When the Sandbox Shares the GPU's Memory

The usual mental model for WebAssembly and GPU computation goes: Wasm module owns its linear memory, GPU owns its device memory, and anything that needs to cross the boundary gets copied. On discrete GPU systems this is correct and the penalty is real. On Apple Silicon it’s not, and a blog post published yesterday by the author of a runtime called Driftwood makes that gap concrete.

Apple Silicon’s unified memory architecture means the CPU and GPU share the same physical memory pool. There’s no separate VRAM to copy into — any pointer into process memory is, in principle, GPU-addressable. Metal formalizes this with makeBuffer(bytesNoCopy:), which wraps an arbitrary page-aligned process pointer into a Metal buffer without touching the underlying bytes. The copy that “has to happen” on discrete hardware genuinely doesn’t need to happen here.

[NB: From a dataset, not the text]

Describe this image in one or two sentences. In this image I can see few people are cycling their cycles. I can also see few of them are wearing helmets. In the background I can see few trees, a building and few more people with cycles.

The trick is threading this through WebAssembly’s sandbox. Wasmtime exposes a MemoryCreator trait that lets you replace the default allocator with a custom implementation. The author’s implementation allocates Wasm linear memory via mmap with page-aligned addresses, registers the same region as a Metal buffer via makeBuffer(bytesNoCopy:), and hands Wasmtime both handles. The Wasm module and the Metal compute shader now operate on the same physical bytes — no marshaling at the Wasm-GPU boundary, no intermediate buffers.

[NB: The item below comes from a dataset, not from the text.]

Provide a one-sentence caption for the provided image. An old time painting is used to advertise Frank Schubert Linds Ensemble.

The measured results are clean. Memory overhead drops from 16.78 MB (copy approach) to 0.03 MB. Llama 3.2 1B runs at roughly 9 ms per token on an M1 MacBook, inside the Wasm sandbox, with the host function overhead between Wasm and Metal described as “negligible.” A 128×128 matrix multiply used to verify correctness produced zero errors across 16,384 elements. For a 1B-parameter model these aren’t record-breaking throughput numbers, but they’re near-native, which proves the sandboxing layer isn’t the bottleneck.

The more interesting result is KV cache snapshots. Because the KV cache lives in the shared memory region, the author can serialize it to disk and restore it directly — and restoration runs 5.45× faster than recomputing the prefill from scratch. The author’s framing for Driftwood involves actor-like mobility of inference state: checkpoint a conversation on one machine, restore it on another. This is a legitimately different approach to stateful AI services, where the unit of portability is a memory snapshot rather than a conversation history replayed through the model.

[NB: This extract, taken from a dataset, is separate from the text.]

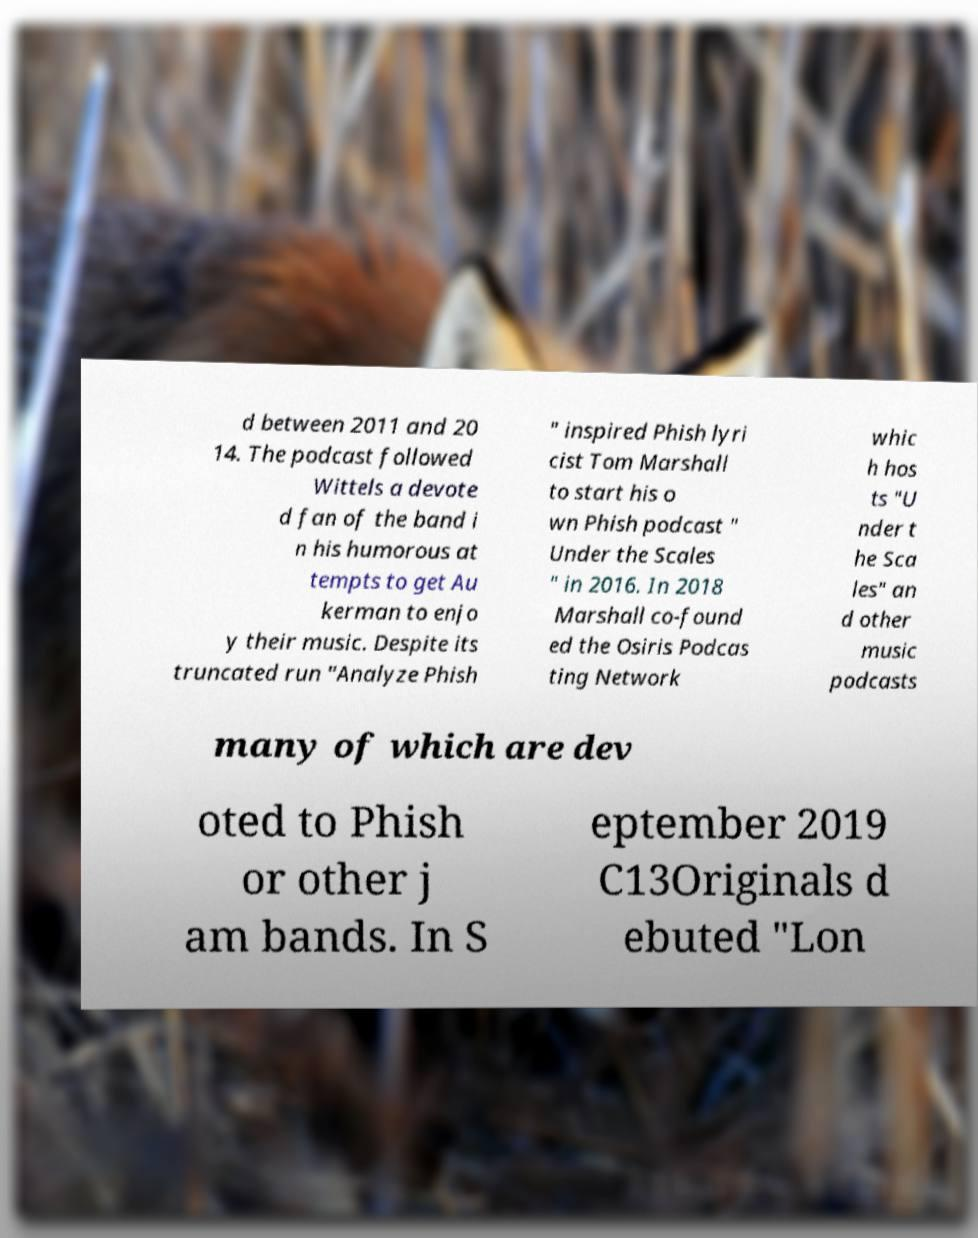Can you read and provide the text displayed in the image?This photo seems to have some interesting text. Can you extract and type it out for me? d between 2011 and 20 14. The podcast followed Wittels a devote d fan of the band i n his humorous at tempts to get Au kerman to enjo y their music. Despite its truncated run "Analyze Phish " inspired Phish lyri cist Tom Marshall to start his o wn Phish podcast " Under the Scales " in 2016. In 2018 Marshall co-found ed the Osiris Podcas ting Network whic h hos ts "U nder t he Sca les" an d other music podcasts many of which are dev oted to Phish or other j am bands. In S eptember 2019 C13Originals d ebuted "Lon

It’s worth being clear about the scope. This is a research-grade proof of concept from a solo developer, not a library with a stable API. The technique is also Apple Silicon-specific in a meaningful way: it relies on unified memory being a real architectural property, not just a marketing term. On a machine with an Nvidia GPU, the same pointer trick doesn’t work — you’d be back to PCIe transfers and copy semantics, and the zero-copy story evaporates.

That caveat aside, the direction is worth tracking. The pairing of Wasm sandboxing and local GPU inference has an obvious surface area: secure local execution of untrusted model code, browser deployment with a Metal backend, portable checkpoint-and-restore for inference sessions. The consistent objection to all of these has been memory management overhead. On the hardware that most AI developers are actually running — Apple Silicon laptops — this work shows that objection can be made to disappear almost entirely, because the memory topology has already eliminated the physical separation the overhead was compensating for.

The broader point is that hardware assumptions baked into software abstractions can outlast the hardware they were designed for. Wasm’s memory model was designed for a world with discrete CPU and GPU memory spaces. Apple Silicon blurred that boundary in 2020. It took a few years for someone to ask what that actually enables at the systems layer.